What this task involves: Quote the lines below from the one containing "- small box [571,102,705,218]" to the final line, both ends included; exclude the pictures.

##### Exercise inputs #####

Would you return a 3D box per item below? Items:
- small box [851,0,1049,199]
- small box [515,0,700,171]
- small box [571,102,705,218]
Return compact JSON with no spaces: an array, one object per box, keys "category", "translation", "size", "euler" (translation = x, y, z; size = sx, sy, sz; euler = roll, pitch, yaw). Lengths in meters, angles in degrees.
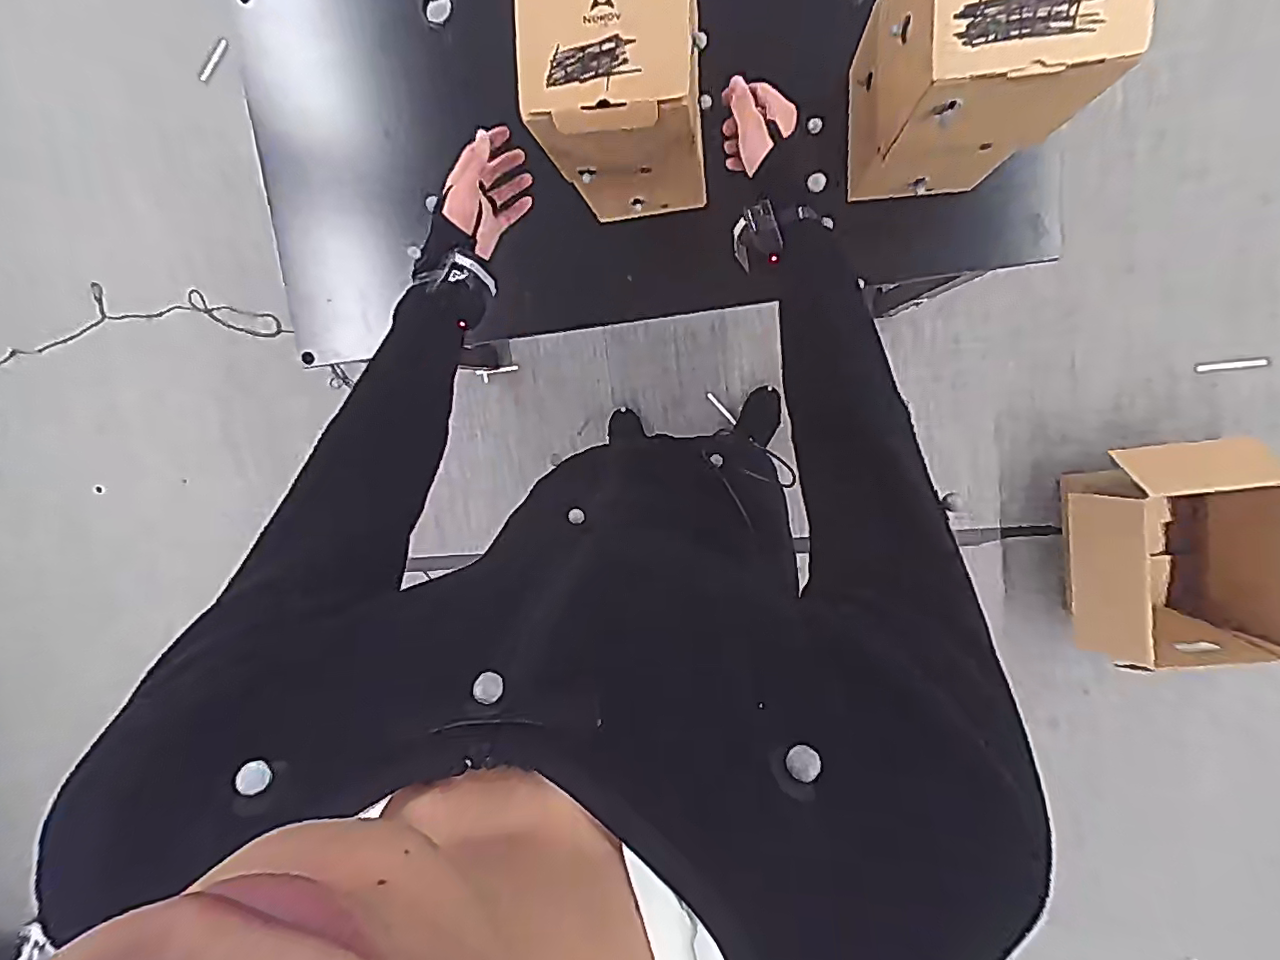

#####

Written response:
- small box [571,102,705,218]
Return compact JSON with no spaces: an array, one object per box, keys "category", "translation", "size", "euler" (translation = x, y, z; size = sx, sy, sz; euler = roll, pitch, yaw). Lengths in meters, angles in degrees.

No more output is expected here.